Home Equity and Reverse Mortgages have rarely been part of Financial Planning for retirement but since housing is typically the largest asset and the largest liability for the average American— it certainly makes sense to find out how it impacts the wealth accumulation phase and the retirement spending plan. Housing costs are usually the largest expense category throughout our lives except for those that are quite wealthy and then taxes become the biggest expense. And interestingly enough— housing costs can certainly affect income tax planning as well!
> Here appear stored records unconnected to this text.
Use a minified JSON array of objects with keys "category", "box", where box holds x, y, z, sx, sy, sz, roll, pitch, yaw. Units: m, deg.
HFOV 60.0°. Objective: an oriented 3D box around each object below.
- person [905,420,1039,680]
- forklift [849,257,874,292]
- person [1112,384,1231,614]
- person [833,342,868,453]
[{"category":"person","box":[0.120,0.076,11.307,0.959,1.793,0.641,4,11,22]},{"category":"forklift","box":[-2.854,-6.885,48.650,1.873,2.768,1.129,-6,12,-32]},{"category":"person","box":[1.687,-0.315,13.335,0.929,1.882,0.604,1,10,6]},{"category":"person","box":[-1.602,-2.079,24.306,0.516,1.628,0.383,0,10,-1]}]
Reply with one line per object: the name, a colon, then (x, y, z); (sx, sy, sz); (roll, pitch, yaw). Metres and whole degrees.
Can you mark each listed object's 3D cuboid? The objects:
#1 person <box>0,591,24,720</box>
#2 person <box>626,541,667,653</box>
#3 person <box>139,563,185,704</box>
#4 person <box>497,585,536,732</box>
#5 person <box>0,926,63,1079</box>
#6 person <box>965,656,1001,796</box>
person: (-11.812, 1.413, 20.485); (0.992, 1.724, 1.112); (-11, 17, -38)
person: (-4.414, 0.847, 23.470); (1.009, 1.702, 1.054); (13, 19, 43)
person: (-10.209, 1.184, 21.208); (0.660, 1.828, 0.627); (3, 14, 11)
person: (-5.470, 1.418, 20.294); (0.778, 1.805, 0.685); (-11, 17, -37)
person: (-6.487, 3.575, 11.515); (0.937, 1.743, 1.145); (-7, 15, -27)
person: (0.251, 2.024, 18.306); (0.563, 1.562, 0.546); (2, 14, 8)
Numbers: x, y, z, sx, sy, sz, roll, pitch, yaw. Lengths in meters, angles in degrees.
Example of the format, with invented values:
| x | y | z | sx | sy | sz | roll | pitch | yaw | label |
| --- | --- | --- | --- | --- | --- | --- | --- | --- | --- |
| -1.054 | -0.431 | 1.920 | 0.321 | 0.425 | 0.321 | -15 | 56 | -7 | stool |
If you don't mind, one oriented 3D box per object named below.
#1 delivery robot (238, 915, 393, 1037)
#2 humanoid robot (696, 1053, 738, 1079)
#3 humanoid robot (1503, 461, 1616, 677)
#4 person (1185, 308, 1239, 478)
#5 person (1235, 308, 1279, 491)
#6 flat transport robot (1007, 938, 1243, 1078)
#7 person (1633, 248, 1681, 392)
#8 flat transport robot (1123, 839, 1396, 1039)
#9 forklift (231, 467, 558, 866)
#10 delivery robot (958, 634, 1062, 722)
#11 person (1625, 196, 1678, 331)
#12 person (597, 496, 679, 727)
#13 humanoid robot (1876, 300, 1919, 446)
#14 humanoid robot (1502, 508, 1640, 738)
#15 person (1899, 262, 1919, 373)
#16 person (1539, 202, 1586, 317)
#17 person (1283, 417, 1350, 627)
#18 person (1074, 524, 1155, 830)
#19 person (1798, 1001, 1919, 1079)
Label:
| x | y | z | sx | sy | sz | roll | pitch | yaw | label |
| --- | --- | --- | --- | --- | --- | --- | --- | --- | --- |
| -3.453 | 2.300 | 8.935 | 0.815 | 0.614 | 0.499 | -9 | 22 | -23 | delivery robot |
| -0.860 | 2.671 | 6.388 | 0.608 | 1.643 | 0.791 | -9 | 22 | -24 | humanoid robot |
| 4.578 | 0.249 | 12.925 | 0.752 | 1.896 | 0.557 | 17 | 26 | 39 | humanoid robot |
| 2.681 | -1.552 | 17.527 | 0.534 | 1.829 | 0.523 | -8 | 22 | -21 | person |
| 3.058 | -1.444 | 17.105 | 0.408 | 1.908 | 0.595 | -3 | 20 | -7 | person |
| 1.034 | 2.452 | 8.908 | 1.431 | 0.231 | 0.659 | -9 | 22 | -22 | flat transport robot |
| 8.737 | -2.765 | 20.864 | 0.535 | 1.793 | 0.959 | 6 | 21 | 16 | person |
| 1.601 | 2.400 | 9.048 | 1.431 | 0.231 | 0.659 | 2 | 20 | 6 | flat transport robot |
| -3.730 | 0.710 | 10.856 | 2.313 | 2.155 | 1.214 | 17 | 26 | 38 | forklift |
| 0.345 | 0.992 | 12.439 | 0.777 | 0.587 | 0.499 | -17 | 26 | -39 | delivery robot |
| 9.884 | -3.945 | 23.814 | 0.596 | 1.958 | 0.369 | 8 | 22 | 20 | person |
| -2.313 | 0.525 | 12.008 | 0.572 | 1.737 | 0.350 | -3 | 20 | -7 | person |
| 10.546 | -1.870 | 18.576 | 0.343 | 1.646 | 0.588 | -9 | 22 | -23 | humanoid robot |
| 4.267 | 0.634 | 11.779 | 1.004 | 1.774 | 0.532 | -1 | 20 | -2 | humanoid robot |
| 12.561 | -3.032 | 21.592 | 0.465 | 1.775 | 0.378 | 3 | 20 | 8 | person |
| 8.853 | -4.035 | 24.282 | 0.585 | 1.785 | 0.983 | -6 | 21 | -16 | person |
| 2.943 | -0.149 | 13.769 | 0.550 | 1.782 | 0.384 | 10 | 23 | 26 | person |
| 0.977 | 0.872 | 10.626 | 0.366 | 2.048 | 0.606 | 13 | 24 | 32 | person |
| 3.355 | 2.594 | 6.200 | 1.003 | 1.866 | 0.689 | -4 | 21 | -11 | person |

A proper understanding of the use of traditional (forward) mortgages, and home equity can dramatically impact our overall comprehensive planning for any client. Housing costs can average 25-40% of gross income throughout a client’s entire lifespan. Controlling and decreasing those costs later in life can substantially enhance cash flow and portfolio longevity during the retirement years.
Everyone who is a homeowner has 3 basic buckets of wealth. Bucket 1 is the ability to earn an income while working or to receive a pension or social security after retiring or slowing down in a career. Bucket 2 is the Nest Egg— money put away for the future that is invested for retirement or a future expense. The financial planner is tasked with the job of growing this bucket 2 and making it last. From the time a client invests money in a 401k or an IRA in their 20s or 30s, they fully expect to take it out when they retire in the future. Bucket 3 is home equity. Hundreds of thousands of dollars are typically sent to bucket 3 in the form of house payments—interest and principal, improvements, and other costs. Really bucket 3 is an investment also but it tends to have an emotional attachment because you live there. The culture of our country treats home equity as a sacred cow. Conventional wisdom says you should pay off your mortgage— create a big chunk of home equity as a result and leave it all there until you pass. Then you give the house to the kids (who are now in their 50s and 60s) who don’t want it to live in so they sell it and convert it to cash. Think about it— does that really make sense?
A very simple questions that I have posed to many experienced financial planners for years has kind of stumped them.
“What is the purpose of taking hundreds of thousands of dollars and storing it an illiquid asset that you never use during your lifetime?”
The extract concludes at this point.